Однако ни мои мистические порывы, ни религиозное просвещение теток, ни елки-протесты — ничто не помешало мне вступить в 1934 году в пионеры — как все. Прием в пионеры уже превратился в знак одобрения хорошего поведения и прилежания. И все-таки, и все-таки… Заученная в десять лет клятва хранится в памяти: «Я, юный пионер Советского Союза, перед лицом своих товарищей торжественно обещаю, что буду честно и неуклонно служить делу Ленина-Сталина и социалистической революции…». Я произносила эти слова вместе с одноклассниками с той самой сцены, где скакала крыловская мартышка с хвостом из моих рейтуз, и не чувствовала пока никакого противоречия между евангельскими притчами, тайными елками и своей клятвой. То был дом, а то была школа. И в момент хоровой декламации полупонятных слов на полутемной сцене Малого зала школы № 7 и меня охватывала дрожь энтузиазма и восторг причастности к некой избранности, которые захлестывали тогда страну.
Быть «как все». Это было недостижимым идеалом. Всегда что-то мешало его достижению.

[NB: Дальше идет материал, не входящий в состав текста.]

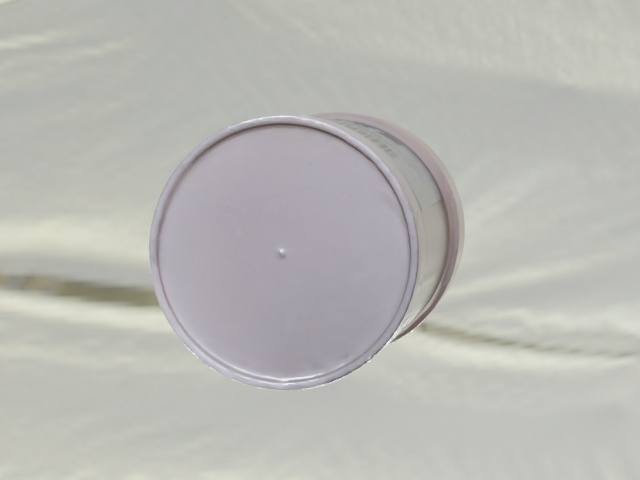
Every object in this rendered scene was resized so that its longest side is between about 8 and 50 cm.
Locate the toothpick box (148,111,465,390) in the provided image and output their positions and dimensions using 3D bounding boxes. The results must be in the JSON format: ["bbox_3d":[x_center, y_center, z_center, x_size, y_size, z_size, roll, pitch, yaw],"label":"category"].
[{"bbox_3d":[0.000,0.000,0.732,0.098,0.098,0.149,-12,2,10],"label":"toothpick box"}]

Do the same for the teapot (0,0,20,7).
[{"bbox_3d":[-0.324,-0.213,1.139,0.361,0.376,0.305,-34,-77,8],"label":"teapot"}]
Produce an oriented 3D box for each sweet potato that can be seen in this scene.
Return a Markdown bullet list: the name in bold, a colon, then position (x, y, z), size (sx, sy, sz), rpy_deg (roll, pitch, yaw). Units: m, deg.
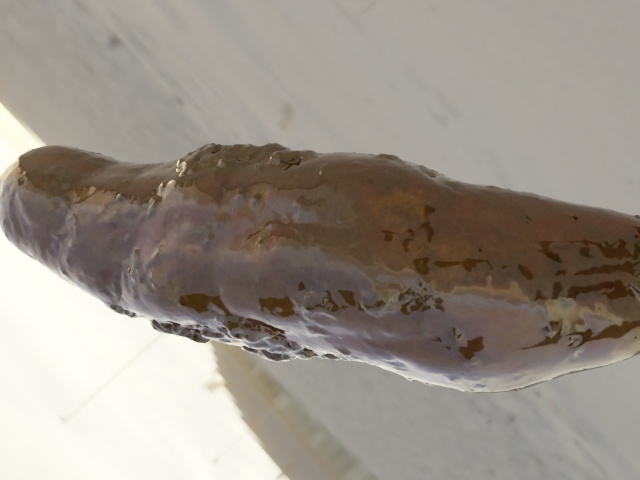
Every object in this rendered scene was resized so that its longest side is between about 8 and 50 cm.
- **sweet potato**: position (-0.003, 0.006, 0.606), size (0.106, 0.355, 0.095), rpy_deg (-44, -46, -57)
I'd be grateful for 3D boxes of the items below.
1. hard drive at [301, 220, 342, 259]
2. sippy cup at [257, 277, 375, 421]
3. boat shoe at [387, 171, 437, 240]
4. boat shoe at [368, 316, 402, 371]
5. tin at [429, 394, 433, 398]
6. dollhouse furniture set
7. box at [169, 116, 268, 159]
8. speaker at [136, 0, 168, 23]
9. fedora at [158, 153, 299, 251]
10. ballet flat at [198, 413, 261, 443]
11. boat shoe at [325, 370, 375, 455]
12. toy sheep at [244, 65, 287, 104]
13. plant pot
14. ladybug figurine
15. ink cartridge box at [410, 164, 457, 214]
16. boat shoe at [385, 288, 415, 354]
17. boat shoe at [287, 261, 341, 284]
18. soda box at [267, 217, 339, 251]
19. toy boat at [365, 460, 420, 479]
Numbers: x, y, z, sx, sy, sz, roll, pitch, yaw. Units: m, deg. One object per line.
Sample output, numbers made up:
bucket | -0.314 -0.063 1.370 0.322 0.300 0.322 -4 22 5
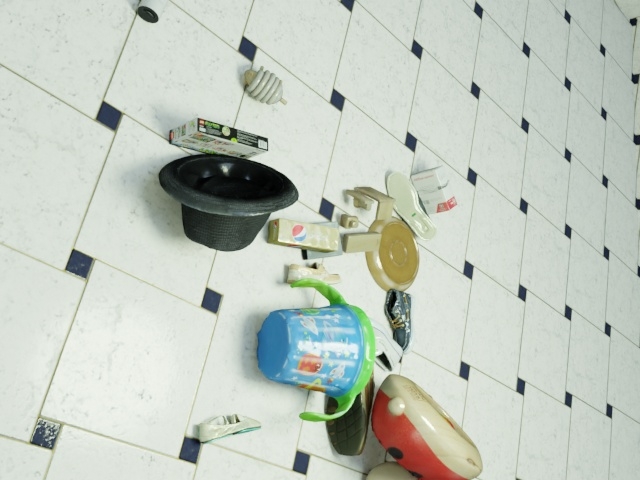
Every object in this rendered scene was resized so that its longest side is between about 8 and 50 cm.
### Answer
hard drive | 0.000 0.000 1.996 0.135 0.022 0.094 -6 86 -45
sippy cup | -0.024 0.258 1.793 0.224 0.305 0.240 11 118 -32
boat shoe | 0.270 -0.105 2.265 0.233 0.084 0.079 57 10 -11
boat shoe | 0.151 0.283 2.042 0.226 0.083 0.076 41 54 -32
tin | 0.273 0.515 2.150 0.189 0.040 0.106 -36 103 -43
dollhouse furniture set | 0.106 -0.061 2.105 0.144 0.123 0.151 -5 113 -33
box | -0.235 -0.232 1.747 0.206 0.114 0.036 10 74 -44
speaker | -0.373 -0.567 1.722 0.055 0.055 0.136 36 58 -34
fedora | -0.213 -0.076 1.684 0.334 0.334 0.153 -10 124 -45
ballet flat | -0.201 0.416 1.687 0.168 0.057 0.053 -2 73 -45
boat shoe | 0.094 0.388 1.936 0.119 0.122 0.324 6 84 -52
toy sheep | -0.137 -0.389 1.899 0.132 0.091 0.091 31 59 -15
plant pot | 0.221 0.039 2.201 0.236 0.032 0.237 11 74 -42
ladybug figurine | 0.262 0.505 1.939 0.162 0.305 0.449 -43 135 2
ink cartridge box | 0.353 -0.156 2.325 0.056 0.099 0.135 -31 104 -44
boat shoe | 0.223 0.231 2.146 0.083 0.065 0.184 23 60 -37
boat shoe | -0.012 0.085 1.937 0.170 0.063 0.059 4 84 -44
soda box | -0.042 -0.011 1.906 0.181 0.058 0.061 10 78 -30
toy boat | 0.193 0.706 1.980 0.151 0.150 0.231 53 42 -65
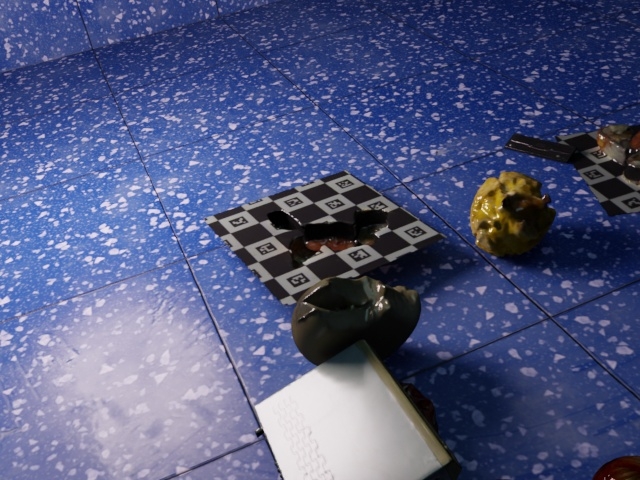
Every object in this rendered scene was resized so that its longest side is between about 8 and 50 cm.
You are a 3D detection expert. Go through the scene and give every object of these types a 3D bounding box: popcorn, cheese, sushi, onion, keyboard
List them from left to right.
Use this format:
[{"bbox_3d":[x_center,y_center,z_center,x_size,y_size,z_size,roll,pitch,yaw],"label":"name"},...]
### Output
[{"bbox_3d":[0.000,0.000,1.319,0.343,0.064,0.359,-21,36,-23],"label":"sushi"},{"bbox_3d":[0.042,0.125,1.021,0.203,0.175,0.091,18,38,-41],"label":"cheese"},{"bbox_3d":[0.347,-0.047,1.238,0.148,0.152,0.167,32,70,-5],"label":"popcorn"},{"bbox_3d":[0.494,-0.209,1.530,0.155,0.010,0.053,23,63,38],"label":"keyboard"},{"bbox_3d":[0.370,0.305,0.787,0.117,0.118,0.119,4,19,-46],"label":"onion"},{"bbox_3d":[0.702,-0.192,1.421,0.320,0.068,0.339,-7,36,2],"label":"sushi"}]

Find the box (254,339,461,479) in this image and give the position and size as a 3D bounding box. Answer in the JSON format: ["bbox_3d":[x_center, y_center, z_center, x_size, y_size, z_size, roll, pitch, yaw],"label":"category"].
[{"bbox_3d":[0.030,0.255,0.864,0.211,0.045,0.270,-33,30,-6],"label":"box"}]

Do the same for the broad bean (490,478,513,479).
[{"bbox_3d":[0.165,0.343,0.758,0.229,0.122,0.156,-11,18,-7],"label":"broad bean"}]

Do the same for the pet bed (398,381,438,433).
[{"bbox_3d":[0.065,0.273,0.940,0.201,0.053,0.201,-10,36,8],"label":"pet bed"}]
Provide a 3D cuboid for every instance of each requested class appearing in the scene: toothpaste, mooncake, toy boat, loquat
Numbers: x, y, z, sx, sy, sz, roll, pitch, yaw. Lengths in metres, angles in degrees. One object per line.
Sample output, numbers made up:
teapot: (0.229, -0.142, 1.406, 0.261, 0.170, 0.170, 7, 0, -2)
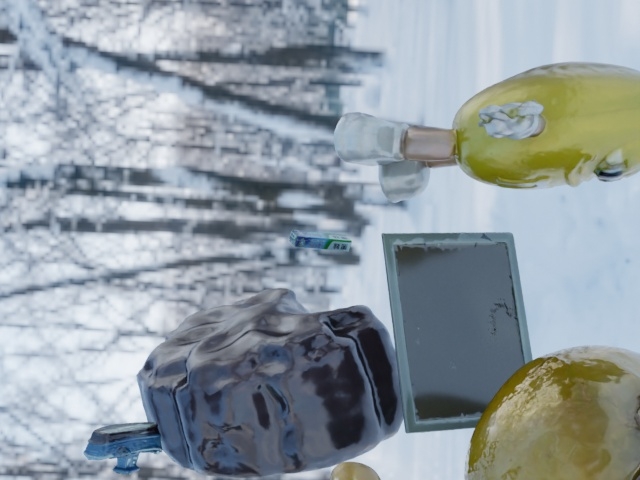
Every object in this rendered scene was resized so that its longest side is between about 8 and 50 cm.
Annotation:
toothpaste: (0.000, 0.000, 1.722, 0.020, 0.083, 0.017, 45, 124, 53)
mooncake: (-0.080, 0.204, 1.928, 0.381, 0.350, 0.212, 2, 112, 48)
toy boat: (-0.248, 0.268, 1.695, 0.137, 0.060, 0.061, -1, -83, -62)
loquat: (0.340, 0.272, 1.575, 0.359, 0.328, 0.328, 117, 161, -51)

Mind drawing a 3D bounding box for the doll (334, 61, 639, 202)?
doll: (0.230, -0.137, 1.676, 0.423, 0.348, 0.161, -10, 85, 49)

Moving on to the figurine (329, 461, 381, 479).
figurine: (0.060, 0.261, 1.167, 0.121, 0.122, 0.176, 33, -160, -44)

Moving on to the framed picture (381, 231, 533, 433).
framed picture: (0.191, 0.121, 1.798, 0.016, 0.216, 0.273, 149, 118, -62)
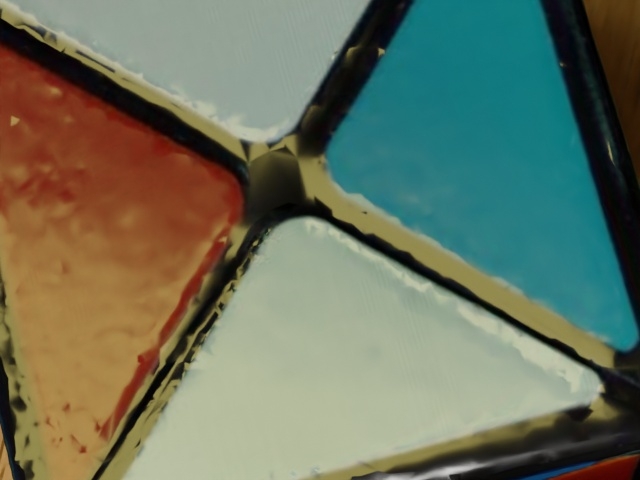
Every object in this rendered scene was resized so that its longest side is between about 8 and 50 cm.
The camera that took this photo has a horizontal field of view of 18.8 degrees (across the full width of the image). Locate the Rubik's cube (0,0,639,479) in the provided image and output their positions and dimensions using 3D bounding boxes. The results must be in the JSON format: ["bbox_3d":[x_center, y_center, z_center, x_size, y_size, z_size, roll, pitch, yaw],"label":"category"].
[{"bbox_3d":[0.000,0.001,0.795,0.248,0.246,0.250,-15,77,2],"label":"Rubik's cube"}]
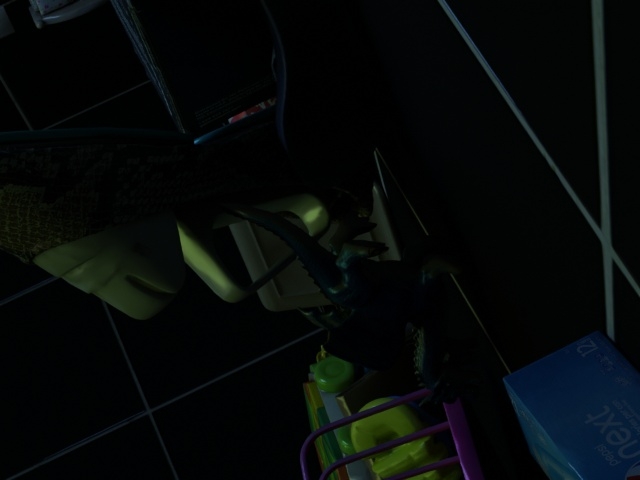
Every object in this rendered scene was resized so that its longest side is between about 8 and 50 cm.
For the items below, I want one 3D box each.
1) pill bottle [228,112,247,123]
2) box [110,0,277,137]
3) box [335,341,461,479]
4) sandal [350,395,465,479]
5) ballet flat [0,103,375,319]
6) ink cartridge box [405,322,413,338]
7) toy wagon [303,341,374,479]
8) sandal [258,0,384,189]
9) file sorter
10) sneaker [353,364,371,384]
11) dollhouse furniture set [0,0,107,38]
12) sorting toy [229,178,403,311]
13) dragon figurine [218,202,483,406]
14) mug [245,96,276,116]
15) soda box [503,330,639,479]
[{"bbox_3d":[-0.029,-0.098,1.797,0.180,0.108,0.108,63,176,10],"label":"pill bottle"},{"bbox_3d":[-0.138,-0.305,1.400,0.296,0.183,0.294,61,176,20],"label":"box"},{"bbox_3d":[0.114,0.255,1.912,0.021,0.164,0.201,-18,99,46],"label":"box"},{"bbox_3d":[0.171,0.309,1.839,0.317,0.126,0.138,59,-150,-6],"label":"sandal"},{"bbox_3d":[-0.116,-0.028,1.307,0.164,0.483,0.182,-21,85,44],"label":"ballet flat"},{"bbox_3d":[0.076,0.083,1.866,0.104,0.062,0.181,63,175,9],"label":"ink cartridge box"},{"bbox_3d":[0.032,0.284,2.061,0.344,0.068,0.267,-113,11,-48],"label":"toy wagon"},{"bbox_3d":[-0.005,-0.165,1.279,0.054,0.097,0.254,-125,21,-59],"label":"sandal"},{"bbox_3d":[0.115,0.314,1.507,0.290,0.182,0.202,60,-168,-46],"label":"file sorter"},{"bbox_3d":[0.126,0.288,2.024,0.341,0.125,0.139,63,176,13],"label":"sneaker"},{"bbox_3d":[-0.339,-0.428,1.982,0.174,0.356,0.303,59,172,48],"label":"dollhouse furniture set"},{"bbox_3d":[0.000,0.000,1.683,0.047,0.196,0.347,-75,-27,-45],"label":"sorting toy"},{"bbox_3d":[0.037,0.059,1.283,0.144,0.289,0.085,-68,25,17],"label":"dragon figurine"},{"bbox_3d":[-0.055,-0.219,1.631,0.113,0.150,0.169,12,144,37],"label":"mug"},{"bbox_3d":[0.181,0.138,0.841,0.210,0.071,0.067,-124,9,-62],"label":"soda box"}]

Но не все хотели подражать такому идеалу. Алеша Стеклов, один из класса, не вступил тогда и никогда не вступит в пионеры. Мы чувствовали, что он был особенный мальчик. Никогда никому не подражал, никогда не был «как все» и не хотел быть. И самое удивительное, при своей отдельности и избранности (прекрасно учился, пел, играл на рояле, занимался гимнастикой) был уважаем классом. Никто никогда его не дразнил, понимая, что насмешки его не заденут. Он каким-то образом окажется выше их. Отвержение Алешей заманчивого своей торжественностью обряда приема в пионеры оставалось для меня загадкой.
11
Лето 1934 года мы провели в деревне Сертякино, в трех километрах от станции Гривна Курской железной дороги. По воле судьбы почти через двадцать лет именно в Гривне отец моего мужа К. С. Апт, изгнанный в космополитическую кампанию и с работы, и с казенной квартиры, построит дом, где пройдут детские годы — с двух до восьми лет — нашего сына. Тогда-то, в 1953 году, мы и посетим снова Сертякино, чтобы еще и еще раз убедиться, что в России человеку не надо возвращаться в старые места после долгого перерыва, если он хочет уберечься от лишних душевных ран или, во всяком случае, от оскорбления эстетического чувства.